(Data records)
---

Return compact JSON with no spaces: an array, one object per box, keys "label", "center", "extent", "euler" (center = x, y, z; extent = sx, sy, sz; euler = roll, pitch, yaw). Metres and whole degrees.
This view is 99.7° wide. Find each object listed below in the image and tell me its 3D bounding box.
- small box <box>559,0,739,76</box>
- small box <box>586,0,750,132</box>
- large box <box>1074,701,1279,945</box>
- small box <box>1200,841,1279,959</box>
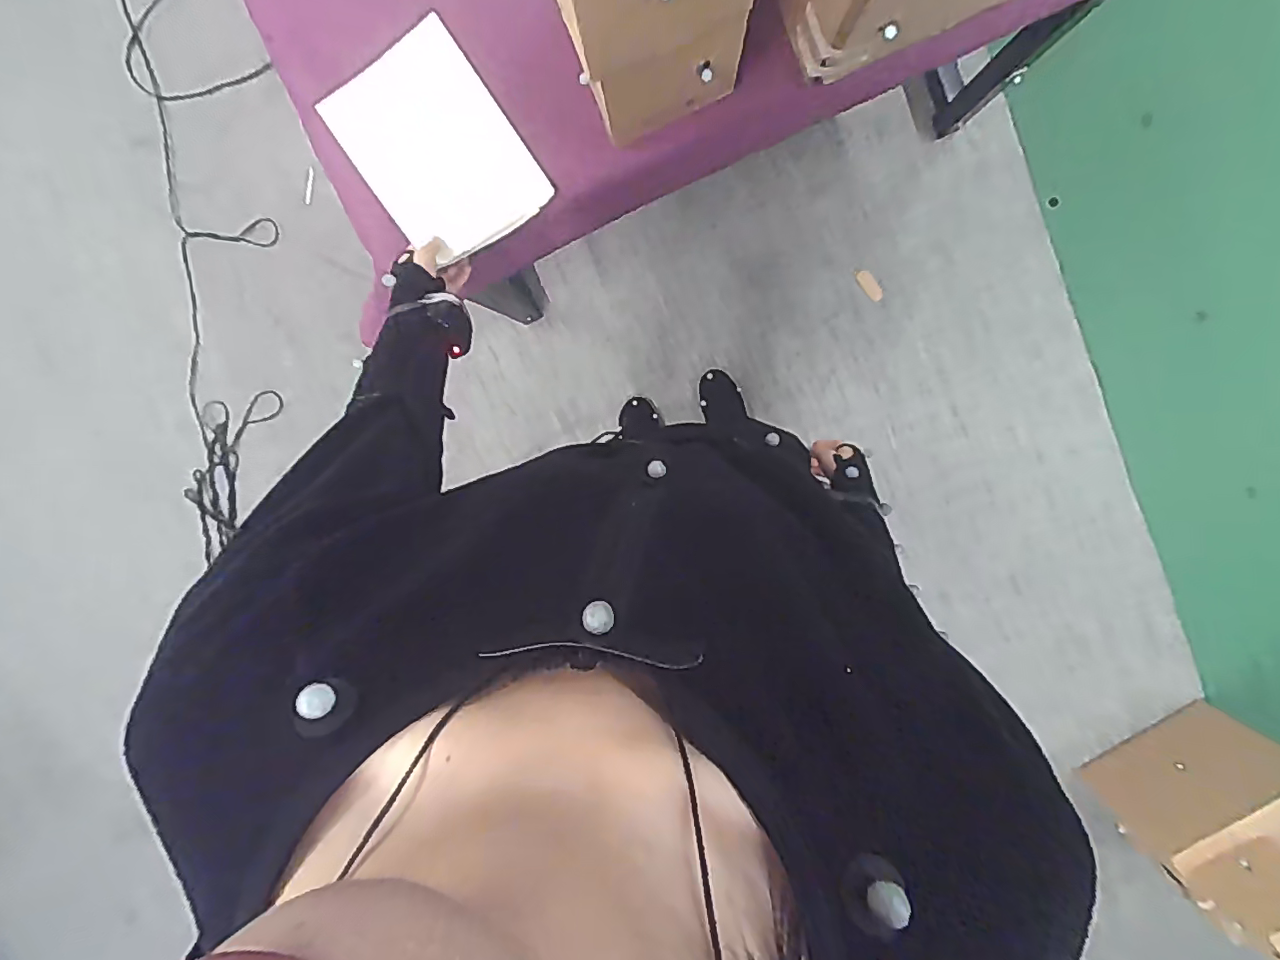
[{"label":"small box","center":[-0.002,-0.489,0.442],"extent":[0.179,0.176,0.168],"euler":[-22,97,6]},{"label":"small box","center":[0.008,-0.527,0.602],"extent":[0.168,0.176,0.179],"euler":[-22,96,6]},{"label":"large box","center":[1.512,0.884,1.436],"extent":[0.408,0.320,0.320],"euler":[-38,97,7]},{"label":"small box","center":[1.422,0.961,1.203],"extent":[0.179,0.176,0.168],"euler":[-33,96,8]}]
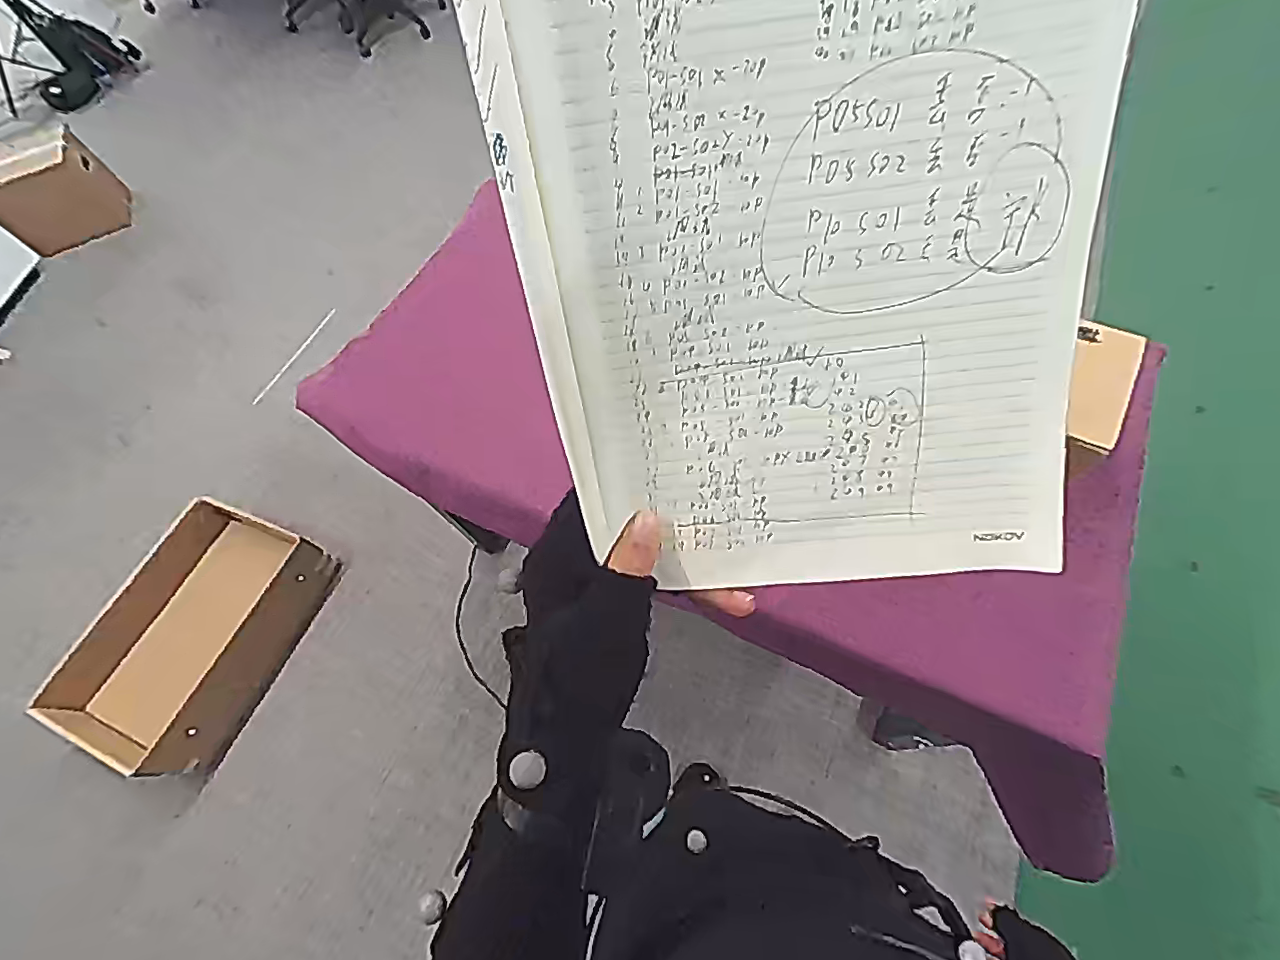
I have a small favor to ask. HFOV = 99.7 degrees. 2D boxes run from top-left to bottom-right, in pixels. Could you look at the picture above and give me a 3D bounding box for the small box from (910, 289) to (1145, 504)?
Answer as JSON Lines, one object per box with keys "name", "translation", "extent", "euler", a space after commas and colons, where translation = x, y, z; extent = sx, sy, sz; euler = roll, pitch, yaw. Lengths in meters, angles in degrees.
{"name": "small box", "translation": [0.466, -0.097, 0.679], "extent": [0.168, 0.176, 0.179], "euler": [28, 70, 20]}
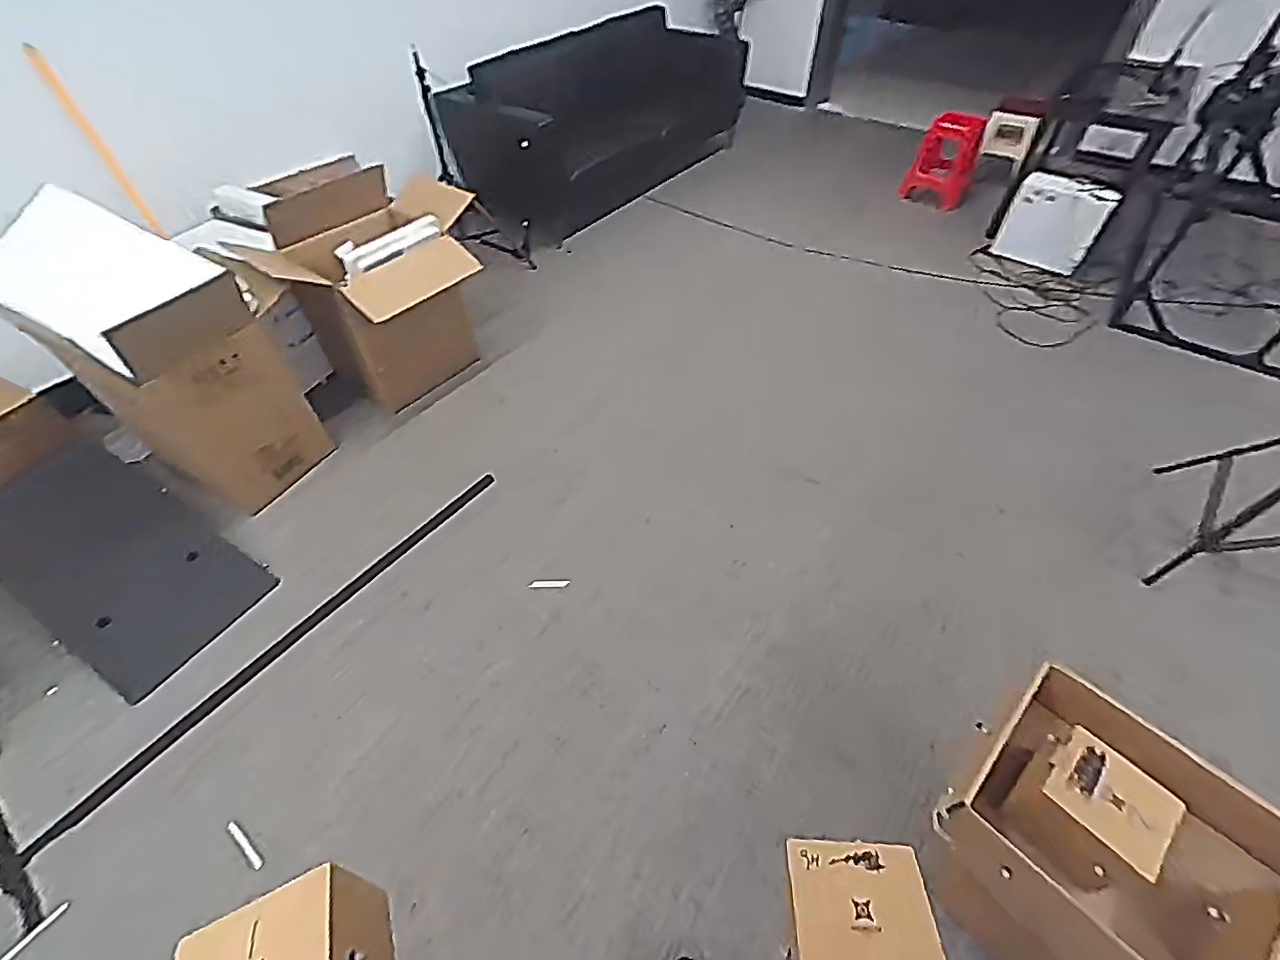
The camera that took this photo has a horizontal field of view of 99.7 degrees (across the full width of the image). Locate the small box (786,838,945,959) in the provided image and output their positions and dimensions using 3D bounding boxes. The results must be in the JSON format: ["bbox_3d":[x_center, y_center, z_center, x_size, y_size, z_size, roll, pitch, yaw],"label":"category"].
[{"bbox_3d":[0.278,0.597,0.688,0.168,0.176,0.179,-2,30,10],"label":"small box"}]

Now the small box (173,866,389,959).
[{"bbox_3d":[-0.399,0.593,0.617,0.168,0.176,0.179,-22,43,-16],"label":"small box"}]
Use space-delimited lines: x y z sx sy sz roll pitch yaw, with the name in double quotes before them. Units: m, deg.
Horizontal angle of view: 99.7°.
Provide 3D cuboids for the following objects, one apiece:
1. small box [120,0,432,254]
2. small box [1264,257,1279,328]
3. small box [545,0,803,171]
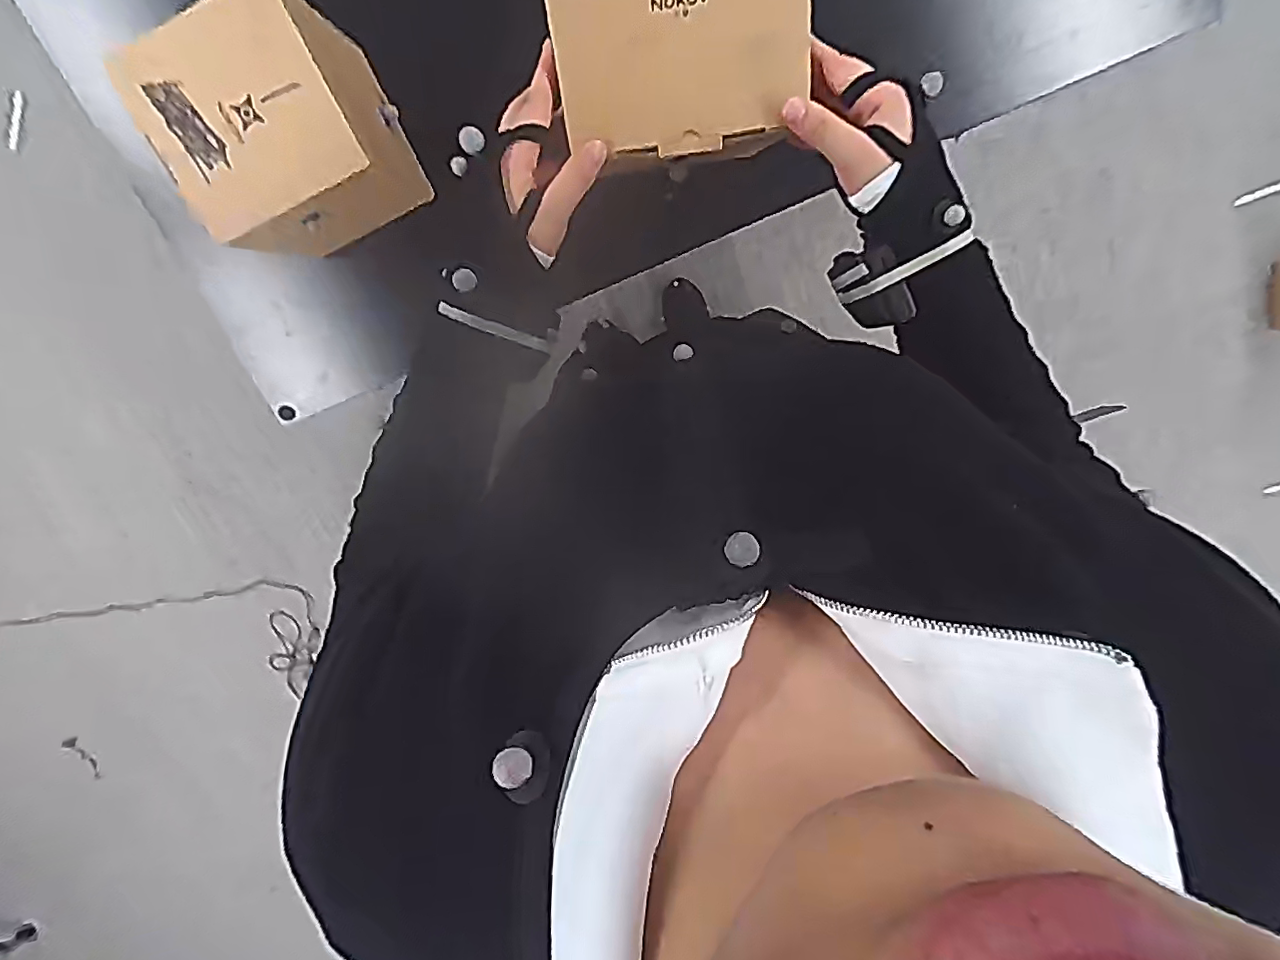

---

◆ WHAT THE TASK ASKS
Would you output the data above exactly as written, but with no images?

◆ RESPONSE BOX
Return compact JSON with no spaces: an array, one object per box, keys "label", "center", "extent", "euler" (center = x, y, z; extent = sx, sy, sz; euler = roll, pitch, yaw). Metres and whole degrees.
This view is 99.7° wide. Find each object listed below in the image and tell me its 3D bounding box.
- small box <box>559,0,739,76</box>
- small box <box>586,0,750,132</box>
- large box <box>1074,701,1279,945</box>
- small box <box>1200,841,1279,959</box>
[{"label":"small box","center":[-0.002,-0.489,0.442],"extent":[0.179,0.176,0.168],"euler":[-22,97,6]},{"label":"small box","center":[0.008,-0.527,0.602],"extent":[0.168,0.176,0.179],"euler":[-22,96,6]},{"label":"large box","center":[1.512,0.884,1.436],"extent":[0.408,0.320,0.320],"euler":[-38,97,7]},{"label":"small box","center":[1.422,0.961,1.203],"extent":[0.179,0.176,0.168],"euler":[-33,96,8]}]
I have a small favor to ask. HFOV = 99.7 degrees. 2D boxes run from top-left to bottom-right, in pixels. Could you look at the picture above and give me a 3D bounding box for the small box from (910, 289) to (1145, 504)?
Answer as JSON Lines, one object per box with keys "name", "translation", "extent", "euler", a space after commas and colons, where translation = x, y, z; extent = sx, sy, sz; euler = roll, pitch, yaw. Lengths in meters, angles in degrees.
{"name": "small box", "translation": [0.466, -0.097, 0.679], "extent": [0.168, 0.176, 0.179], "euler": [28, 70, 20]}
The camera that took this photo has a horizontal field of view of 99.7 degrees (across the full width of the image). Locate the small box (786,838,945,959) in the provided image and output their positions and dimensions using 3D bounding boxes. The results must be in the JSON format: ["bbox_3d":[x_center, y_center, z_center, x_size, y_size, z_size, roll, pitch, yaw],"label":"category"].
[{"bbox_3d":[0.278,0.597,0.688,0.168,0.176,0.179,-2,30,10],"label":"small box"}]

Now the small box (173,866,389,959).
[{"bbox_3d":[-0.399,0.593,0.617,0.168,0.176,0.179,-22,43,-16],"label":"small box"}]
Use space-delimited lines: x y z sx sy sz roll pitch yaw, with the name in double quotes before them. Units: m, deg.
Horizontal angle of view: 99.7°.
Provide 3D cuboids for the following objects, one apiece:
1. small box [120,0,432,254]
2. small box [1264,257,1279,328]
3. small box [545,0,803,171]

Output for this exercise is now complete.